# EXERCISE DETAILS:
Please return the lines below verbatim, beginning at the one that has "#define NONAMELESSUNION" and stopping after the one that has "target file */", and add no other lines.

# EXTRACTED DATA:
☆ ☆ ☆ ☆ ☆ ☆ ☆

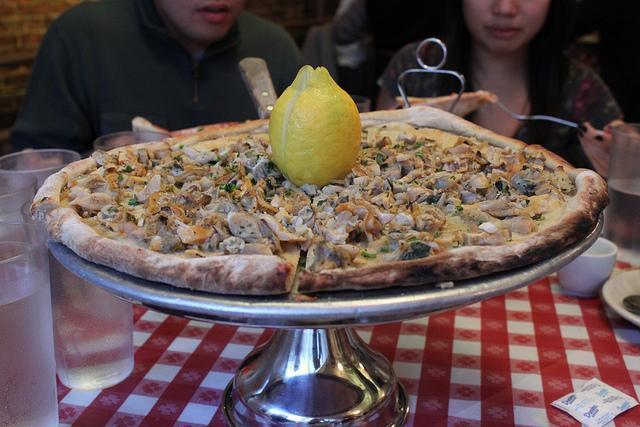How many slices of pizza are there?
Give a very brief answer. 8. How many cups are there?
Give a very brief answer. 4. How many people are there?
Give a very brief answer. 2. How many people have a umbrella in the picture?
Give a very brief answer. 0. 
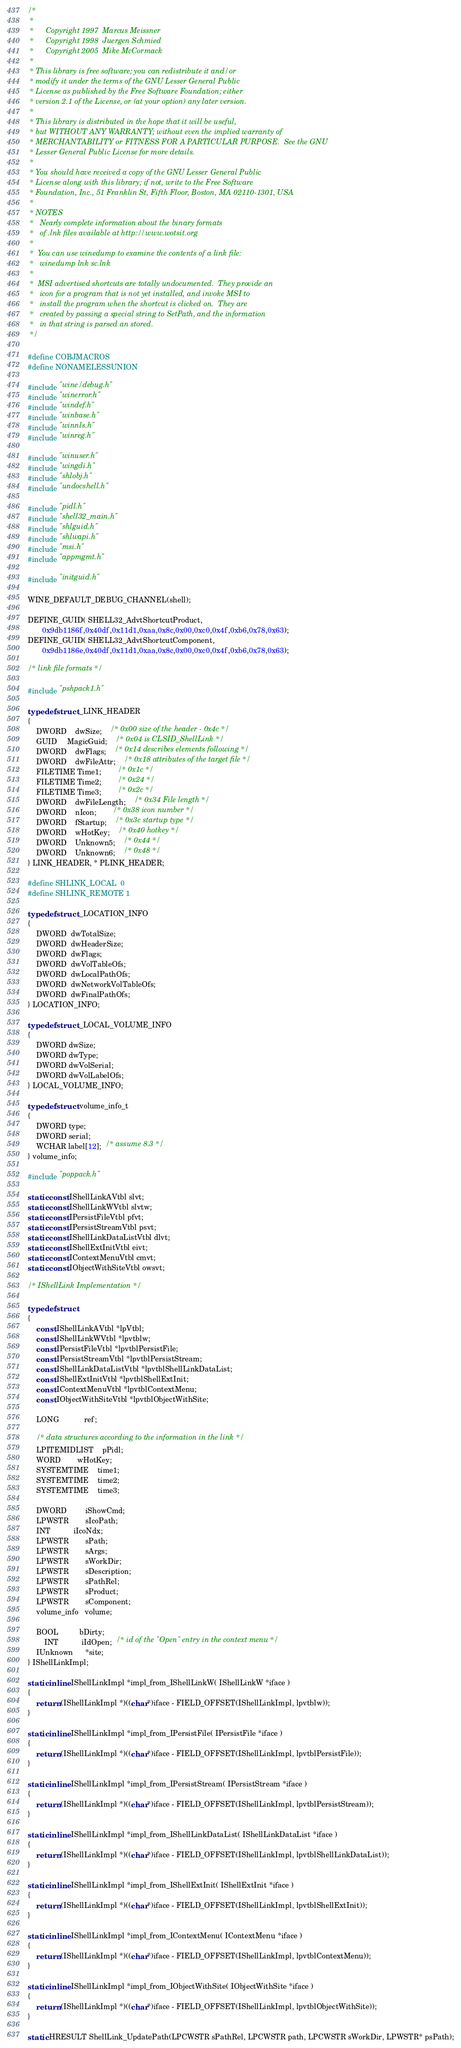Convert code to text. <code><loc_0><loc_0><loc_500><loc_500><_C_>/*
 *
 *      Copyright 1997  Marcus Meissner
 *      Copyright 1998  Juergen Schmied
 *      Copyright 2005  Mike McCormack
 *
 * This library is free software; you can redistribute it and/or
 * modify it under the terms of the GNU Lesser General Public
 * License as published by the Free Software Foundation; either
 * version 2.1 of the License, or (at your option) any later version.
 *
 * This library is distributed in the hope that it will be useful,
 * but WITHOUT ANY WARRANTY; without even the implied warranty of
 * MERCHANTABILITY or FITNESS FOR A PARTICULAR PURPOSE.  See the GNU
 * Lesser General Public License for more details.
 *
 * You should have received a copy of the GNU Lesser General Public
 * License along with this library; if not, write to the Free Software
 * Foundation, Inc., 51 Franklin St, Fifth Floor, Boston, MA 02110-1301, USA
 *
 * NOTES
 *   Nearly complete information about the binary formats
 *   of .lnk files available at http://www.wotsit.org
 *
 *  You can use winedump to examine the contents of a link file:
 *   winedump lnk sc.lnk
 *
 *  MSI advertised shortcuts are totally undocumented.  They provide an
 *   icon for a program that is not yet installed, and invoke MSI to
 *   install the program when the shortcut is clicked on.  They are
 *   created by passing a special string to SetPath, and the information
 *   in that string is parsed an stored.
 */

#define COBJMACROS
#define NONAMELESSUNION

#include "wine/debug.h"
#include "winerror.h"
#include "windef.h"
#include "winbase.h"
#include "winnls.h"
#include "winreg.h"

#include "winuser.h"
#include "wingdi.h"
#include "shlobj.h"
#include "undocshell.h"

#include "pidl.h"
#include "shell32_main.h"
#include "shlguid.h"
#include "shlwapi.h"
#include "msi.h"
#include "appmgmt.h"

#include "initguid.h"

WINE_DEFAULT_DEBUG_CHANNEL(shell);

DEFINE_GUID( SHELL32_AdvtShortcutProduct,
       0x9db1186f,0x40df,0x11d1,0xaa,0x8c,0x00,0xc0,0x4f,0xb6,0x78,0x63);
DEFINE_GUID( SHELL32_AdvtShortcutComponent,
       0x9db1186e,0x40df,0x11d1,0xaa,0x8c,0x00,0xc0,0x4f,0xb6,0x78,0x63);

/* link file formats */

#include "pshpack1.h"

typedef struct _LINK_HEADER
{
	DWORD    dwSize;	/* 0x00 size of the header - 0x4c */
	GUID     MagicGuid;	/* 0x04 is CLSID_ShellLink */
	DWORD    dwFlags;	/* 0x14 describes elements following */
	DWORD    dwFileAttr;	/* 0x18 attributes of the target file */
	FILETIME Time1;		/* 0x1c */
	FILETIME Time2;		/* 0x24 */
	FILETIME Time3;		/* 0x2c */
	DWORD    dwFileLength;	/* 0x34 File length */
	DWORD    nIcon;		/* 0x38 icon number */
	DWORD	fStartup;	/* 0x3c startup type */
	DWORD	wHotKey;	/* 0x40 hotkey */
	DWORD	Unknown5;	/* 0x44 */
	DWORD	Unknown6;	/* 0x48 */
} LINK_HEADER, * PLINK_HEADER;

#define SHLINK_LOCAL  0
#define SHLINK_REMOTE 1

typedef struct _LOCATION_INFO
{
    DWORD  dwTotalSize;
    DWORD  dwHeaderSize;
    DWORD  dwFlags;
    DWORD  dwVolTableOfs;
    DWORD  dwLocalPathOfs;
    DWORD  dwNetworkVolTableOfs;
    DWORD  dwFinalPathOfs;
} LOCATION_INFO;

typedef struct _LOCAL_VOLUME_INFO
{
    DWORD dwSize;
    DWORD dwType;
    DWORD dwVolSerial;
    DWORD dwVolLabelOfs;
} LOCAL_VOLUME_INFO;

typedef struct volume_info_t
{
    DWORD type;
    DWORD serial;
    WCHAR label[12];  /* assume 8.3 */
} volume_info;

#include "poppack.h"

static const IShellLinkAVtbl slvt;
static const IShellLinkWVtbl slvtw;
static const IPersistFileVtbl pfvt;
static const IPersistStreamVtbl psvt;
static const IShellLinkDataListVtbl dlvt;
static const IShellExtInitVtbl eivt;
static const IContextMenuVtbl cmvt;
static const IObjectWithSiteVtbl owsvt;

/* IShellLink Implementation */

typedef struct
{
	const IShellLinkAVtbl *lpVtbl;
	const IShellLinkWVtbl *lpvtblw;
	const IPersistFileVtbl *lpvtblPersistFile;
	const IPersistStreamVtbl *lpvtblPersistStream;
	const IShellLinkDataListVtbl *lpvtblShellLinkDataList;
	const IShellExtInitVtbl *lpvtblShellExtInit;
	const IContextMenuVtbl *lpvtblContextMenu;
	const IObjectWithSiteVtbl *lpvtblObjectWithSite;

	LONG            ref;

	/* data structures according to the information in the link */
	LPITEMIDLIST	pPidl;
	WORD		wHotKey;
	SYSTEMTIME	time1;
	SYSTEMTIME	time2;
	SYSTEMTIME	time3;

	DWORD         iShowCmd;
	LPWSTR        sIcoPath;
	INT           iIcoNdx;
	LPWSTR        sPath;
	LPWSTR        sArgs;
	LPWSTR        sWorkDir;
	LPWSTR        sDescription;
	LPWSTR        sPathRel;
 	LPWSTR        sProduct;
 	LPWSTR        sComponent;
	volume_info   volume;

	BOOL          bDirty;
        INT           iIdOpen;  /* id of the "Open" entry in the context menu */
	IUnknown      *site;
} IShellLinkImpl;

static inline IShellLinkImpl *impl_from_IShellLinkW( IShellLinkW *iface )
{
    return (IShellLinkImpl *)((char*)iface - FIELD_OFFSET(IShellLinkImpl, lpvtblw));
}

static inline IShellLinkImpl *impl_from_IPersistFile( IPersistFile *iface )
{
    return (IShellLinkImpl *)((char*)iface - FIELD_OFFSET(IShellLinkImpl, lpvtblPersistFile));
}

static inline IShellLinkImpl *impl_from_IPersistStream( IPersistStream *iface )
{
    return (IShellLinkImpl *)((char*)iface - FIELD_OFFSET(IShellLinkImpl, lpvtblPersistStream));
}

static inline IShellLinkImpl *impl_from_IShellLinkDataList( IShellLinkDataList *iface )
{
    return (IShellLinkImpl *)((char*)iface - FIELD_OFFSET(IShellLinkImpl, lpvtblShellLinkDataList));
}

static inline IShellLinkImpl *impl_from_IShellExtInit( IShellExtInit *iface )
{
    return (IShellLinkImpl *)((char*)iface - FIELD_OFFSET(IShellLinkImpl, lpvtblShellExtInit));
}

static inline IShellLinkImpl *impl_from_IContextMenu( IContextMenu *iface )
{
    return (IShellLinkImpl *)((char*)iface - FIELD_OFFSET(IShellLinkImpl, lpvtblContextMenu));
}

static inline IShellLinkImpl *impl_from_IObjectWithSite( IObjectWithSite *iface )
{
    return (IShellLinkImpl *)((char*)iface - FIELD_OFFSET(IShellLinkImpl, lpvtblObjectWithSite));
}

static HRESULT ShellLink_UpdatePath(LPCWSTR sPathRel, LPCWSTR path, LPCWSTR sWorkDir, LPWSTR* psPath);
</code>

☆ ☆ ☆ ☆ ☆ ☆ ☆

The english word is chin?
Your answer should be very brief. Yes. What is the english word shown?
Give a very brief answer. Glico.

☆ ☆ ☆ ☆ ☆ ☆ ☆

# ANSWER BOX:
#define NONAMELESSUNION

#include "wine/debug.h"
#include "winerror.h"
#include "windef.h"
#include "winbase.h"
#include "winnls.h"
#include "winreg.h"

#include "winuser.h"
#include "wingdi.h"
#include "shlobj.h"
#include "undocshell.h"

#include "pidl.h"
#include "shell32_main.h"
#include "shlguid.h"
#include "shlwapi.h"
#include "msi.h"
#include "appmgmt.h"

#include "initguid.h"

WINE_DEFAULT_DEBUG_CHANNEL(shell);

DEFINE_GUID( SHELL32_AdvtShortcutProduct,
       0x9db1186f,0x40df,0x11d1,0xaa,0x8c,0x00,0xc0,0x4f,0xb6,0x78,0x63);
DEFINE_GUID( SHELL32_AdvtShortcutComponent,
       0x9db1186e,0x40df,0x11d1,0xaa,0x8c,0x00,0xc0,0x4f,0xb6,0x78,0x63);

/* link file formats */

#include "pshpack1.h"

typedef struct _LINK_HEADER
{
	DWORD    dwSize;	/* 0x00 size of the header - 0x4c */
	GUID     MagicGuid;	/* 0x04 is CLSID_ShellLink */
	DWORD    dwFlags;	/* 0x14 describes elements following */
	DWORD    dwFileAttr;	/* 0x18 attributes of the target file */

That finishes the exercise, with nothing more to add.